_Data excerpts_.
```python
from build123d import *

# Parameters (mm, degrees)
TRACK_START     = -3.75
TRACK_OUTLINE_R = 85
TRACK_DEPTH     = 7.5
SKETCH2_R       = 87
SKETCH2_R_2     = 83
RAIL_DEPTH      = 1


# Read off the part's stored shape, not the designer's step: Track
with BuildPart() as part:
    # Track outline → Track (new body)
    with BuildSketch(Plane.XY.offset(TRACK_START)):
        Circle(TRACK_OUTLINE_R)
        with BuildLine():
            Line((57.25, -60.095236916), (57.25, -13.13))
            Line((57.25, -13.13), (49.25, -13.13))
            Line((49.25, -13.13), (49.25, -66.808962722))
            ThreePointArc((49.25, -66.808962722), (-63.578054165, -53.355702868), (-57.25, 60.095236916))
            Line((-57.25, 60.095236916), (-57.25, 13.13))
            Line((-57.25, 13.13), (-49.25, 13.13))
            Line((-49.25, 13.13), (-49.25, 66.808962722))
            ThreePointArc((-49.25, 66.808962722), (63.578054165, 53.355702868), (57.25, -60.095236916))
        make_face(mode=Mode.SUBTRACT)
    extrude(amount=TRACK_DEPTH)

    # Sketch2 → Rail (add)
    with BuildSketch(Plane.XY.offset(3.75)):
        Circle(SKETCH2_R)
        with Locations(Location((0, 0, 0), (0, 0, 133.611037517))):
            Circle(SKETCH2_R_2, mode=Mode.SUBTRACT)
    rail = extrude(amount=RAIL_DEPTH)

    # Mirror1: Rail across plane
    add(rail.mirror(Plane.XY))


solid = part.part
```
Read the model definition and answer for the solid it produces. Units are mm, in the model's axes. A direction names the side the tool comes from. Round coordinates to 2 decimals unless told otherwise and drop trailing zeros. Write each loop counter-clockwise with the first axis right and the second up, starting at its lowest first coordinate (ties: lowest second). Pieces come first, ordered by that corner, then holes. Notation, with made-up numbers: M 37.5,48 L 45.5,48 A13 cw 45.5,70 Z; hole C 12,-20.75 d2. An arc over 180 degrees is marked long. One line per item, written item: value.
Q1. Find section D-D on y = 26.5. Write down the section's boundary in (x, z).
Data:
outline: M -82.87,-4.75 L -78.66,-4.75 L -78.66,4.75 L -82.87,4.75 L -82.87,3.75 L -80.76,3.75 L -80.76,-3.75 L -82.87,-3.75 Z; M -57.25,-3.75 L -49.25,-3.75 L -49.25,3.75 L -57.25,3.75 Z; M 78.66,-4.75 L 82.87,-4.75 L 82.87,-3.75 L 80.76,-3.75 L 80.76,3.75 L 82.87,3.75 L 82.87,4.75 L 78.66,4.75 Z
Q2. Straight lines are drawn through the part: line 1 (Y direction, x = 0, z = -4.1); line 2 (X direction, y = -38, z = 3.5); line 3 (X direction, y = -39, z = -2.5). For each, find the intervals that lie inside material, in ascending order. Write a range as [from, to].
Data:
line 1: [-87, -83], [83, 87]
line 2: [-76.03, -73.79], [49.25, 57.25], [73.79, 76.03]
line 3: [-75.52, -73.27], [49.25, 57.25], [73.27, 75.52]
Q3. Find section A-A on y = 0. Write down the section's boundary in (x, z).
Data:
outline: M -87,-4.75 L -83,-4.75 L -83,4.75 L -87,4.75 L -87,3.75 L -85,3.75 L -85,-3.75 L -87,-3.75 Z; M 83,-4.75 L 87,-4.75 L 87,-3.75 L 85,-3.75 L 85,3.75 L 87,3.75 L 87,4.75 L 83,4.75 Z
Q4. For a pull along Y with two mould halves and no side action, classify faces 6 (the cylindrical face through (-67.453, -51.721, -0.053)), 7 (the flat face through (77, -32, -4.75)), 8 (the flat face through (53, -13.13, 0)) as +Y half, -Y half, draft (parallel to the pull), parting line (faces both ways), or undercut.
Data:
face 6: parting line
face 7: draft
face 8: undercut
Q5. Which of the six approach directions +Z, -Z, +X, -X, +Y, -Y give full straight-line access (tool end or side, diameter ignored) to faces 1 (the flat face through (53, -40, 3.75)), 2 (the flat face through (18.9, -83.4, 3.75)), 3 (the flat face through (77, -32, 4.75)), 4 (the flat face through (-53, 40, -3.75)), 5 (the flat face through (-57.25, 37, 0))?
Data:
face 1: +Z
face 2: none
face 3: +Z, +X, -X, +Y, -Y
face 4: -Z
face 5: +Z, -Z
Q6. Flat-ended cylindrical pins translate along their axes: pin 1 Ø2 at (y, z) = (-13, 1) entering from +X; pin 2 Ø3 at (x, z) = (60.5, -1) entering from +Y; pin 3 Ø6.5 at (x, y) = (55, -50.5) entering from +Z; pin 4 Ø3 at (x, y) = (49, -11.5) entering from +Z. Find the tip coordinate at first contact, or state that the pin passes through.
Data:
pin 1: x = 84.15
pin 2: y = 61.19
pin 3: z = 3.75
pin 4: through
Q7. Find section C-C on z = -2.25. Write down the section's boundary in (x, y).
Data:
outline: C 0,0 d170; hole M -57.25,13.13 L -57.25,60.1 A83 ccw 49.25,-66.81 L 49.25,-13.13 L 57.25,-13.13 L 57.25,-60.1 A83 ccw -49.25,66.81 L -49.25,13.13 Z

_Exercise prompt_.
What you return must match the data above character for character.

_Task solution_.
```python
from build123d import *

# Parameters (mm, degrees)
TRACK_START     = -3.75
TRACK_OUTLINE_R = 85
TRACK_DEPTH     = 7.5
SKETCH2_R       = 87
SKETCH2_R_2     = 83
RAIL_DEPTH      = 1


# Read off the part's stored shape, not the designer's step: Track
with BuildPart() as part:
    # Track outline → Track (new body)
    with BuildSketch(Plane.XY.offset(TRACK_START)):
        Circle(TRACK_OUTLINE_R)
        with BuildLine():
            Line((57.25, -60.095236916), (57.25, -13.13))
            Line((57.25, -13.13), (49.25, -13.13))
            Line((49.25, -13.13), (49.25, -66.808962722))
            ThreePointArc((49.25, -66.808962722), (-63.578054165, -53.355702868), (-57.25, 60.095236916))
            Line((-57.25, 60.095236916), (-57.25, 13.13))
            Line((-57.25, 13.13), (-49.25, 13.13))
            Line((-49.25, 13.13), (-49.25, 66.808962722))
            ThreePointArc((-49.25, 66.808962722), (63.578054165, 53.355702868), (57.25, -60.095236916))
        make_face(mode=Mode.SUBTRACT)
    extrude(amount=TRACK_DEPTH)

    # Sketch2 → Rail (add)
    with BuildSketch(Plane.XY.offset(3.75)):
        Circle(SKETCH2_R)
        with Locations(Location((0, 0, 0), (0, 0, 133.611037517))):
            Circle(SKETCH2_R_2, mode=Mode.SUBTRACT)
    rail = extrude(amount=RAIL_DEPTH)

    # Mirror1: Rail across plane
    add(rail.mirror(Plane.XY))


solid = part.part
```
Read the model definition and answer for the solid it produces. Units are mm, in the model's axes. A direction names the side the tool comes from. Round coordinates to 2 decimals unless told otherwise and drop trailing zeros. Write each loop counter-clockwise with the first axis right and the second up, starting at its lowest first coordinate (ties: lowest second). Pieces come first, ordered by that corner, then holes. Notation, with made-up numbers: M 37.5,48 L 45.5,48 A13 cw 45.5,70 Z; hole C 12,-20.75 d2. An arc over 180 degrees is marked long. One line per item, written item: value.
Q1. Find section D-D on y = 26.5. Write down the section's boundary in (x, z).
Data:
outline: M -82.87,-4.75 L -78.66,-4.75 L -78.66,4.75 L -82.87,4.75 L -82.87,3.75 L -80.76,3.75 L -80.76,-3.75 L -82.87,-3.75 Z; M -57.25,-3.75 L -49.25,-3.75 L -49.25,3.75 L -57.25,3.75 Z; M 78.66,-4.75 L 82.87,-4.75 L 82.87,-3.75 L 80.76,-3.75 L 80.76,3.75 L 82.87,3.75 L 82.87,4.75 L 78.66,4.75 Z
Q2. Straight lines are drawn through the part: line 1 (Y direction, x = 0, z = -4.1); line 2 (X direction, y = -38, z = 3.5); line 3 (X direction, y = -39, z = -2.5). For each, find the intervals that lie inside material, in ascending order. Write a range as [from, to].
Data:
line 1: [-87, -83], [83, 87]
line 2: [-76.03, -73.79], [49.25, 57.25], [73.79, 76.03]
line 3: [-75.52, -73.27], [49.25, 57.25], [73.27, 75.52]
Q3. Find section A-A on y = 0. Write down the section's boundary in (x, z).
Data:
outline: M -87,-4.75 L -83,-4.75 L -83,4.75 L -87,4.75 L -87,3.75 L -85,3.75 L -85,-3.75 L -87,-3.75 Z; M 83,-4.75 L 87,-4.75 L 87,-3.75 L 85,-3.75 L 85,3.75 L 87,3.75 L 87,4.75 L 83,4.75 Z
Q4. For a pull along Y with two mould halves and no side action, classify faces 6 (the cylindrical face through (-67.453, -51.721, -0.053)), 7 (the flat face through (77, -32, -4.75)), 8 (the flat face through (53, -13.13, 0)) as +Y half, -Y half, draft (parallel to the pull), parting line (faces both ways), or undercut.
Data:
face 6: parting line
face 7: draft
face 8: undercut
Q5. Which of the six approach directions +Z, -Z, +X, -X, +Y, -Y give full straight-line access (tool end or side, diameter ignored) to faces 1 (the flat face through (53, -40, 3.75)), 2 (the flat face through (18.9, -83.4, 3.75)), 3 (the flat face through (77, -32, 4.75)), 4 (the flat face through (-53, 40, -3.75)), 5 (the flat face through (-57.25, 37, 0))?
Data:
face 1: +Z
face 2: none
face 3: +Z, +X, -X, +Y, -Y
face 4: -Z
face 5: +Z, -Z
Q6. Flat-ended cylindrical pins translate along their axes: pin 1 Ø2 at (y, z) = (-13, 1) entering from +X; pin 2 Ø3 at (x, z) = (60.5, -1) entering from +Y; pin 3 Ø6.5 at (x, y) = (55, -50.5) entering from +Z; pin 4 Ø3 at (x, y) = (49, -11.5) entering from +Z. Find the tip coordinate at first contact, or state that the pin passes through.
Data:
pin 1: x = 84.15
pin 2: y = 61.19
pin 3: z = 3.75
pin 4: through
Q7. Find section C-C on z = -2.25. Write down the section's boundary in (x, y).
Data:
outline: C 0,0 d170; hole M -57.25,13.13 L -57.25,60.1 A83 ccw 49.25,-66.81 L 49.25,-13.13 L 57.25,-13.13 L 57.25,-60.1 A83 ccw -49.25,66.81 L -49.25,13.13 Z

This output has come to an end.